I'll always remember the last time I heard JFPO on the radio. The day Bob Braun died. JFPO had retired from WSAI months earlier. That afternoon he was sitting in with Wirt Cain...but really not adding much to the discourse. Age seemed to have taken that mischievous sparkle from his voice. You could hear the rattle of emphysema with every breath. For the kid who so fondly remembered those days in Shady Corners, it was painful to listen to.

I was about to turn the radio off when Bonnie Lou from the Paul Dixon Show called in. Cain sat back and allowed she and JFPO to talk about the old days at 9th and Elm. About Braun. About the mutual humor they found in old country song titles. About Paul Baby. As Bonnie Lou was ending the call, she mentioned that every morning before sunrise she still listened from Florida to Nick Clooney and WSAI via that big sky wave signal.

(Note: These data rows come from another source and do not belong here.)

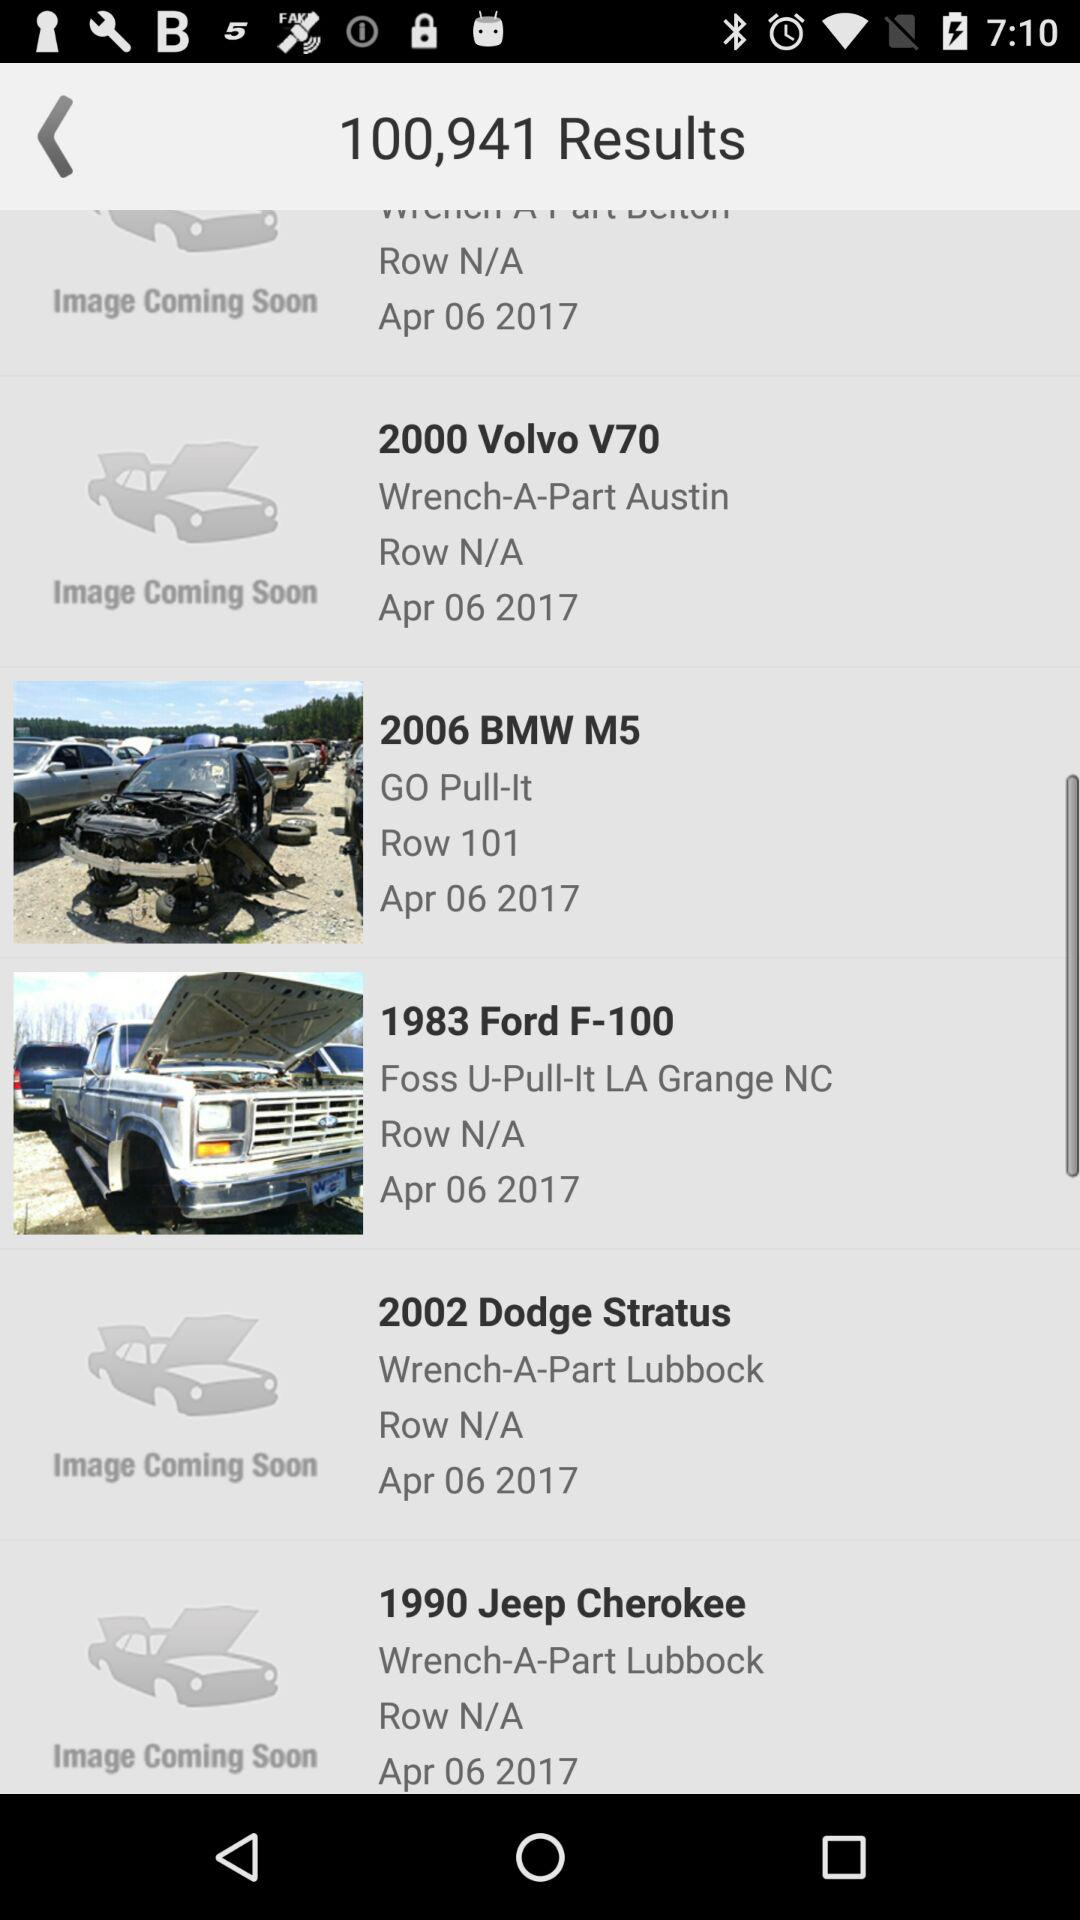How many results are there in total?
Answer the question using a single word or phrase. 100,941 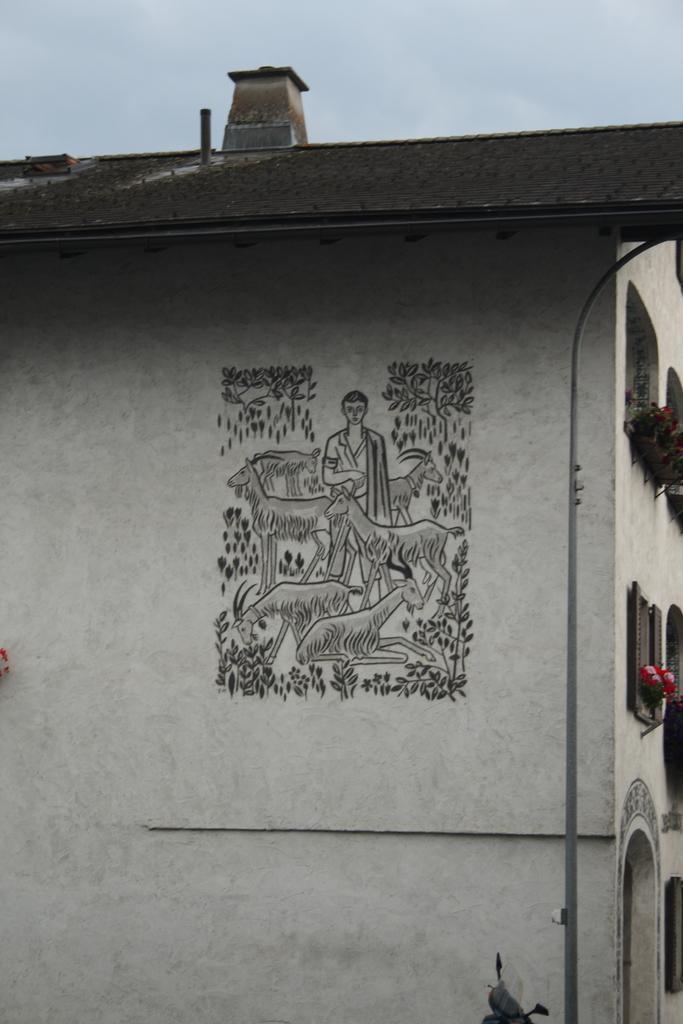Describe this image in one or two sentences. In this picture we can see a building with a design on the wall and some objects and in the background we can see the sky. 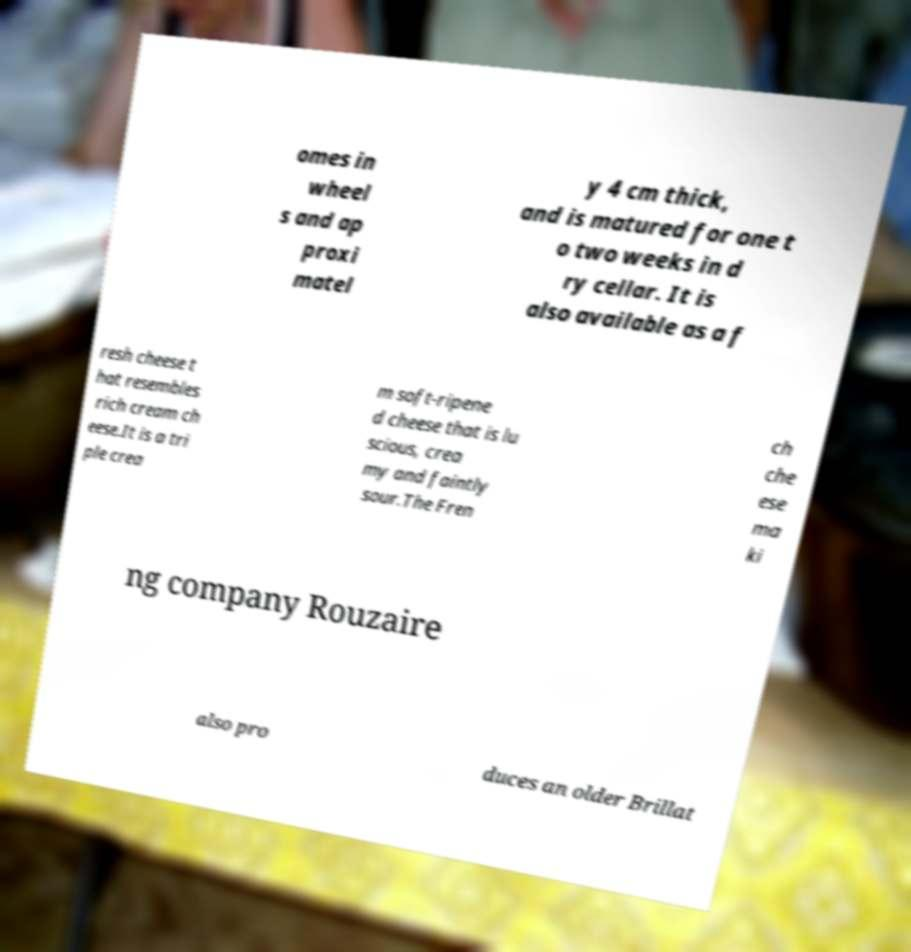Could you assist in decoding the text presented in this image and type it out clearly? omes in wheel s and ap proxi matel y 4 cm thick, and is matured for one t o two weeks in d ry cellar. It is also available as a f resh cheese t hat resembles rich cream ch eese.It is a tri ple crea m soft-ripene d cheese that is lu scious, crea my and faintly sour.The Fren ch che ese ma ki ng company Rouzaire also pro duces an older Brillat 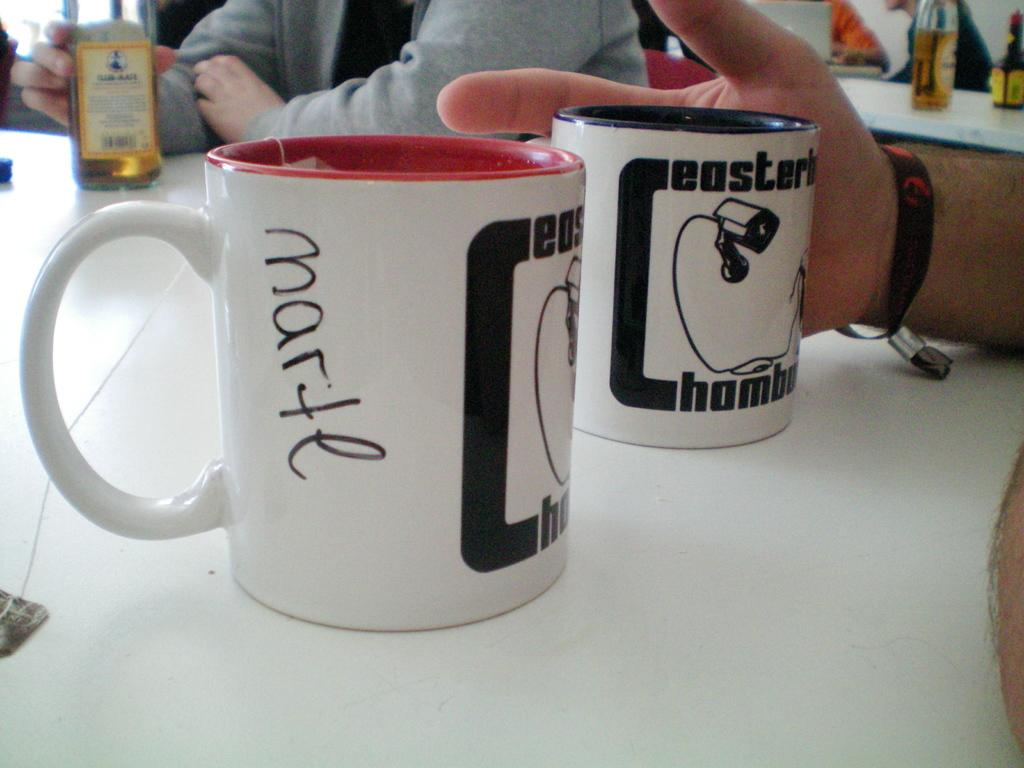Provide a one-sentence caption for the provided image. A cup with the word Marte written on it is on a table next to another cup. 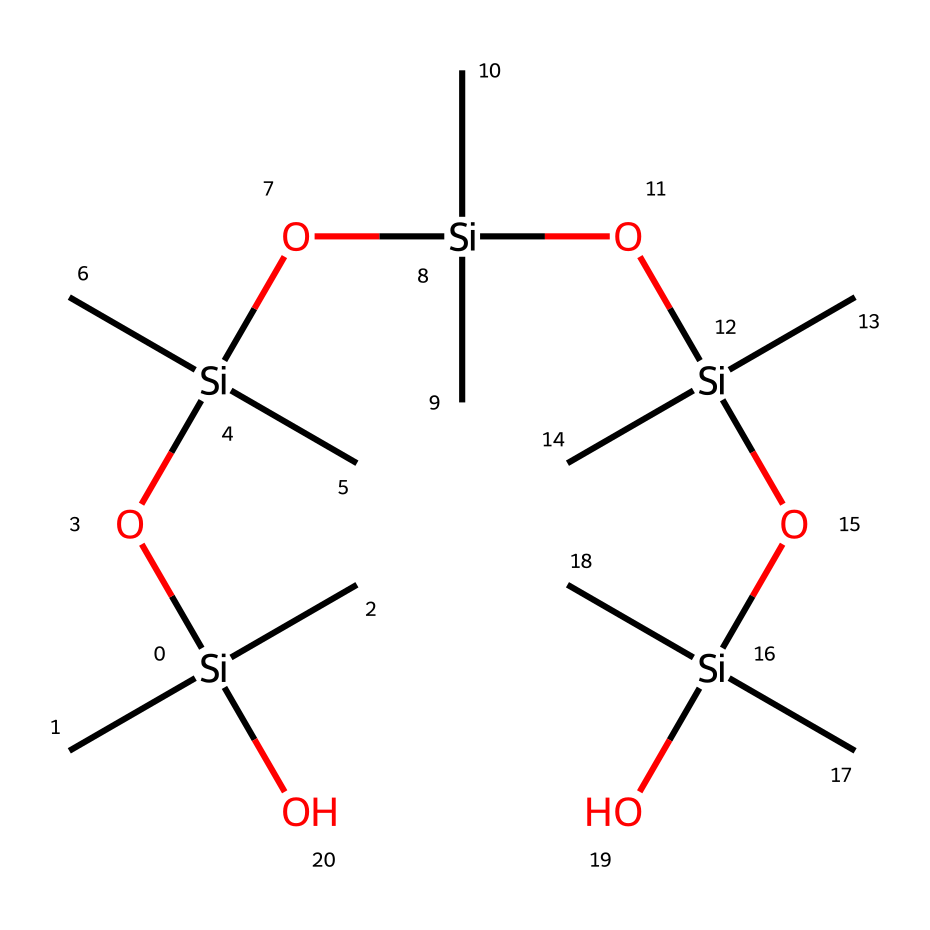What element is primarily responsible for the silicone's structure? The structure is largely made up of silicon atoms, which are represented by the letters "Si" in the SMILES notation. This indicates that silicon is the backbone of the compound.
Answer: silicon How many hydroxyl groups are present in this chemical structure? The presence of "O" indicates hydroxyl groups; in the given SMILES, there are five instances of "O" linked to silicon, which represent five hydroxyl groups.
Answer: five What is the total number of silicon atoms in this compound? By counting the occurrences of "Si" in the SMILES representation, we find that it appears six times, thus there are six silicon atoms.
Answer: six What type of bond connects the silicon and oxygen atoms in this structure? The presence of silicon linked to oxygen in a chain arrangement suggests that these are silicon-oxygen bonds, which are characteristic of siloxane linkages.
Answer: siloxane Does this compound include carbon atoms, and if so, how many? The "C" represents carbon atoms in the structure, and by counting the "C" occurrences next to each silicon, we find there are twelve carbon atoms total in the structure.
Answer: twelve What functional groups are present in this silicone-based product? The repeating unit of the structure indicates that the primary functional group is hydroxyl groups connected to silicon, representing silanol groups, which provide the hair smoothing properties.
Answer: silanol How does the structure of this compound contribute to its smoothening properties for hair? The alternating silicon and oxygen atoms create a flexible and hydrophobic surface that reduces frizz and enhances shine when applied to hair.
Answer: hydrophobic surface

Then it happened. Bonnie Lou made a simple innocent offhand comment...that "she had Nick Clooney 'til the sun comes up." Most people probably missed it. And more so, probably missed what came next. But if you were listening closely you heard it. JFPO's quick reply..."well there's a country song title right there."

Was it the funniest thing I'd ever heard JFPO say? No. But it still made me laugh. And I made a mental note of it. Because for that brief second, that different way of seeing things...that quirky sense of humor...that mischievous sparkle that made JFPO worth listening to every day before school had showed itself again. I cherished the moment.

Then I turned the radio off. I knew that I'd likely never hear O'Neill on the radio again. And that was okay. Because I knew that at least for me, James Francis Patrick O'Neill had ended things with a laugh.